# Justo Gonzalez - History of Christian Thought



## C. Matthew McMahon (Oct 26, 2004)

I had to read this 3 volume cousin to "cliff notes" for school.

First 2 volumes are OK. Basic overview.

Last volume is terrible. He does not know what he is talking about concerning both the Protestant Reformation and the theology that came from that. (Can you write a book like this and get that wrong?? Isn't there a rule against this somewhere??)

I have about 150 pages left to read, but so far so "bad."


----------



## SmokingFlax (Oct 26, 2004)

I read his 2 volume Story of Christianity  a couple of years ago in an effort to learn more of Christian history. What is your take on these volumns?


----------



## Scott (Oct 27, 2004)

The story of Christiainty is pretty good and is used as a text at some reformed seminaries.

Webmaster's comments remind me of a book on the Renaissance I was reading last week. The author (not Gonzalez) casually mentioned that the doctrine of the Trinity meant that God has three essences. I was not impressed with the accuracy of the book.


----------



## Bryan (Oct 27, 2004)

I have his two columes of The Story Of Christanity.

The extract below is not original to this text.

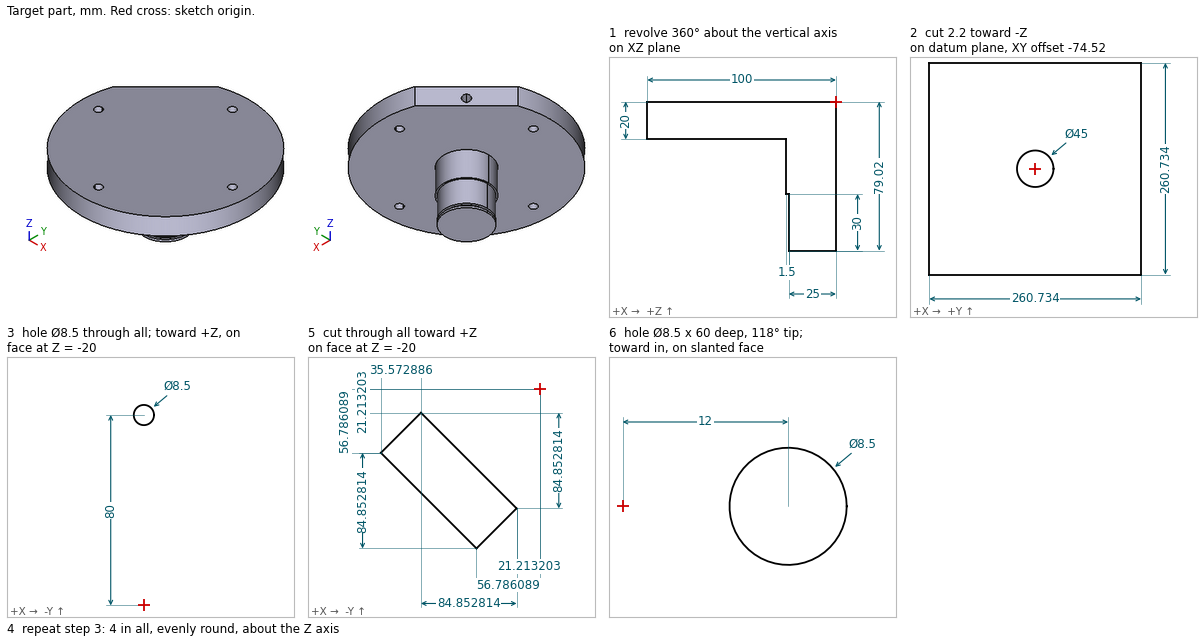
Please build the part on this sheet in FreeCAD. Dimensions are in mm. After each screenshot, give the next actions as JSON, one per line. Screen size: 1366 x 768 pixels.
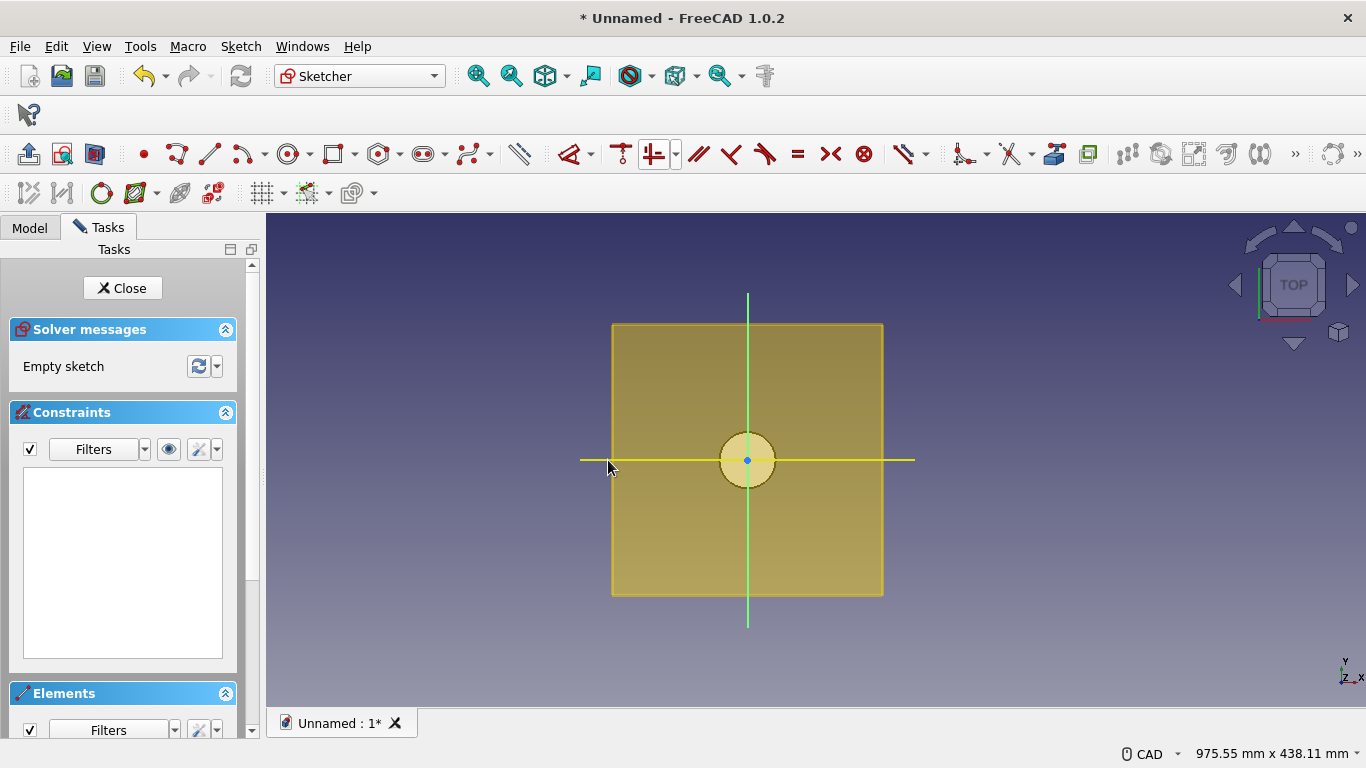
{"action": "left_click", "coordinate": [354, 154]}
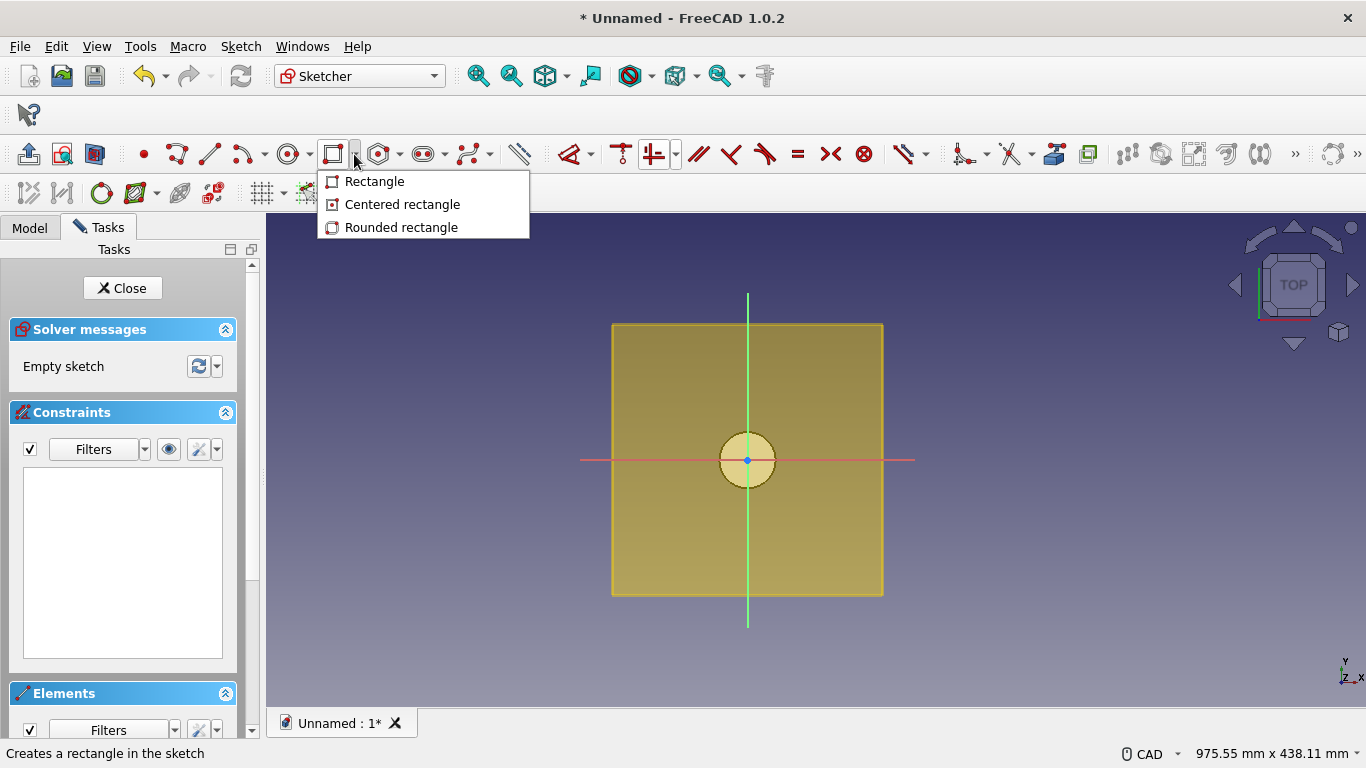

I thought they were decent enough, not perfect by far, but decent. I was actually considering buying the History of Christian thought for $112 cnd last week, but decided to get Packer's A Quest For Godliness instead. I knew I had made a good choice when I began to read Packer, this only confirms I made the right choice 

Bryan
SDG


----------



## MICWARFIELD (Oct 28, 2004)

I have the set but have only read volume one so far. I thought it was great. I have the original 1970 version. I'm not sure what revisions it has been through since then. It sounds like I might not like volume three though.

Mike


----------